# Exploratory Data Analysis: Correlation Matrix

In [None]:
%matplotlib inline
import matplotlib.pyplot as plt
import altair as alt
import seaborn as sns
import pandas as pd
import numpy as np

import boto3
import awswrangler
# set name of S3 bucket
s3_bucket = 'traffic-data-bucket'

## 1. Create Boto3 session
Start by creating a boto3 session so that we can connect to the S3 bucket.

In [None]:
from aws_secrets import aws_access_key_id, aws_secret_access_key, aws_session_token

my_session = boto3.Session(
    aws_access_key_id=aws_access_key_id,
    aws_secret_access_key=aws_secret_access_key,
    aws_session_token = aws_session_token

)

In [None]:
df = awswrangler.s3.read_parquet(path = f's3://{s3_bucket}/model_data/model_data_post_transformation.parquet', boto3_session=my_session, use_threads=True)

In [None]:
df.shape

In [None]:
df.head()

In [None]:
df.columns

## 2. Correlation Matrix
A correlation matrix will be created to visualize the correlation coefficients between variables and discover if there is any multicollinearity among the variables.

In [None]:
# Set up the matplotlib figure
fig, ax = plt.subplots(figsize=(20,14))

# Compute the correlation matrix
# square the pearson correlation coefficients returned by .corr()
corr = df.corr().abs()

# Generate a mask for the upper triangle
mask = np.triu(np.ones_like(corr, dtype=bool))
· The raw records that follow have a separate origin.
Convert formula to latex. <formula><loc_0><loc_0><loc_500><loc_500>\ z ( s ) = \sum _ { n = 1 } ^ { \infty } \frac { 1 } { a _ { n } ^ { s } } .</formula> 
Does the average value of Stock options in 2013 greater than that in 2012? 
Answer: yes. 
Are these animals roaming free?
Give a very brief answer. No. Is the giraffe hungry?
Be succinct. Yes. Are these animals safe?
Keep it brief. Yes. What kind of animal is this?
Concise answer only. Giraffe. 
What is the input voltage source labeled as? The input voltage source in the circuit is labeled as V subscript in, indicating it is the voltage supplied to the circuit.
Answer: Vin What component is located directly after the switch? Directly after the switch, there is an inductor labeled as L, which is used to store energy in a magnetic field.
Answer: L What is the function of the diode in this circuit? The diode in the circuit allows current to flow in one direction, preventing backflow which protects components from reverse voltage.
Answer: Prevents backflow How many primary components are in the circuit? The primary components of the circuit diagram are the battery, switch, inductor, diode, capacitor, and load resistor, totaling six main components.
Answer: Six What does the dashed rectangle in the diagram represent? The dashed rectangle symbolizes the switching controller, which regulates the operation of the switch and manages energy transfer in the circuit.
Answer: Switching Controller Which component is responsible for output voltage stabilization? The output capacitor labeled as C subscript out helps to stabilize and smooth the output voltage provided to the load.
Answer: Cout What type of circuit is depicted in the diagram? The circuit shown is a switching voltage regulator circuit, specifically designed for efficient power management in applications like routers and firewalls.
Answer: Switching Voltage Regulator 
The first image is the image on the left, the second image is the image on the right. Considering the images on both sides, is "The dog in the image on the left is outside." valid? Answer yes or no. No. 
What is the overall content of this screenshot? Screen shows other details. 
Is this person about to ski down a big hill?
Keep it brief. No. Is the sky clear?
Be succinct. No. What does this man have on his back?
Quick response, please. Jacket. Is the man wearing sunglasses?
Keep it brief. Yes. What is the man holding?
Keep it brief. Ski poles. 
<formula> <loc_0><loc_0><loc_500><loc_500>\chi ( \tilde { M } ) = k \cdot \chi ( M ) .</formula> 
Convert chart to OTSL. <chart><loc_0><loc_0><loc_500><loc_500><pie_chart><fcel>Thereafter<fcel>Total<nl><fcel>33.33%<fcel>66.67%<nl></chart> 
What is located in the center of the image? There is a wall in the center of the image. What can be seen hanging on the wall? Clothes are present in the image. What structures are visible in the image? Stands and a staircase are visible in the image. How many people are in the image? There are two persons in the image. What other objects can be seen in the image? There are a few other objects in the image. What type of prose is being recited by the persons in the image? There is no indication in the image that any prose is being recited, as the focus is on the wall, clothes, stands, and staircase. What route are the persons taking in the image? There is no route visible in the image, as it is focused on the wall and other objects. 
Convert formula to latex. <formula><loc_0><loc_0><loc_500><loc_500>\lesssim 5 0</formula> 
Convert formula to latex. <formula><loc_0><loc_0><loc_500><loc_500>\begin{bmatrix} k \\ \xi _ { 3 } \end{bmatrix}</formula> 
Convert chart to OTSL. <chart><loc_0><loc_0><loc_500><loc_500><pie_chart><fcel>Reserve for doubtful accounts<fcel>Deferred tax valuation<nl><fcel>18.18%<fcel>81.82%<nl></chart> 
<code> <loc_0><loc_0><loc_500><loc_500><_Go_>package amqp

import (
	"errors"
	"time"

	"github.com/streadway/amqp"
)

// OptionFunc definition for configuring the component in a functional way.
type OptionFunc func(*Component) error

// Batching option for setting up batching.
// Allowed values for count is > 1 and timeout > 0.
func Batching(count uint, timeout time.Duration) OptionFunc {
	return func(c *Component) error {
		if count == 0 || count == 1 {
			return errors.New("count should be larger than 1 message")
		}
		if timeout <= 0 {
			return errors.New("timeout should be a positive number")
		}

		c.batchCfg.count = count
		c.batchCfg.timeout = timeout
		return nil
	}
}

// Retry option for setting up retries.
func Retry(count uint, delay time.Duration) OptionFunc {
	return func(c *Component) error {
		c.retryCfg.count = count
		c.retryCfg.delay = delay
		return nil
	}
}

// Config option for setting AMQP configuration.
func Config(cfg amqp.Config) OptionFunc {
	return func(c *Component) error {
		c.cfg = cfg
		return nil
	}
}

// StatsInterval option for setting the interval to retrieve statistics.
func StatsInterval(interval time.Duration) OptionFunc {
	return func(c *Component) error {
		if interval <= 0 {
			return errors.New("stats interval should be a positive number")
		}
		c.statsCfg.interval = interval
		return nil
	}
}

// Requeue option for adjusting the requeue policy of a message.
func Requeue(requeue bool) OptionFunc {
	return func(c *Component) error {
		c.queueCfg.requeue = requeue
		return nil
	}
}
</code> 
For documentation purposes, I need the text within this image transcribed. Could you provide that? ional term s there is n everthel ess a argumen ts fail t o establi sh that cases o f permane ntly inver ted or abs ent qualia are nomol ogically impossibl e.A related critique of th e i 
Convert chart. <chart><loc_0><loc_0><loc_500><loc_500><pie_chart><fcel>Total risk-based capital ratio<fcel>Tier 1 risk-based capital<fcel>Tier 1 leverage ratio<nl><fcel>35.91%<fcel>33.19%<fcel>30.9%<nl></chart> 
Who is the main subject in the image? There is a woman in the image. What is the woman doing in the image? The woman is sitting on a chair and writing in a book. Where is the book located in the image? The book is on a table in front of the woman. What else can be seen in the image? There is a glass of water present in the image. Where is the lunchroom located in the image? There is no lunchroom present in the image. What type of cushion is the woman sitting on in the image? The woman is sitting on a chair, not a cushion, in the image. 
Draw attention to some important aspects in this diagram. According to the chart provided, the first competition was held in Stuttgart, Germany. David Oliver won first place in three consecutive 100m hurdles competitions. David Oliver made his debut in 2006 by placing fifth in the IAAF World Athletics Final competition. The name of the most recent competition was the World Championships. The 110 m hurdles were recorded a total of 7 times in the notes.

# Generate a custom diverging colormap
cmap = sns.diverging_palette(20, 10, as_cmap=True)

# Draw the heatmap with the mask and correct aspect ratio
sns.heatmap(corr, mask=mask, cmap=cmap, vmax=1, center=0,
            square=True, linewidths=.5, cbar_kws={"shrink": .5}, ax = ax)

ax.set_title('Correlation Matrix', fontdict= { 'fontsize': 24, 'fontweight':'bold', 'horizontalalignment': 'center'})
plt.show()

## 3. Time Series Analysis

In [None]:
alt.Chart(corr).mark_rect()

In [None]:
df_corr = corr.stack().reset_index()
df_corr.rename(columns={'level_0':'x','level_1':'y',0:'correlation'}, inplace=True)

In [None]:
df_corr

In [None]:
alt.Chart(df_corr).mark_rect().encode(
    x=alt.X('x', title=None),
    y=alt.Y('y', title=None),
    color=alt.Color('correlation', title=None)
).properties(title={'text':['Correlation Matrix'], 'subtitle':['']}).configure_title(
    fontSize=20,
    anchor='middle'
)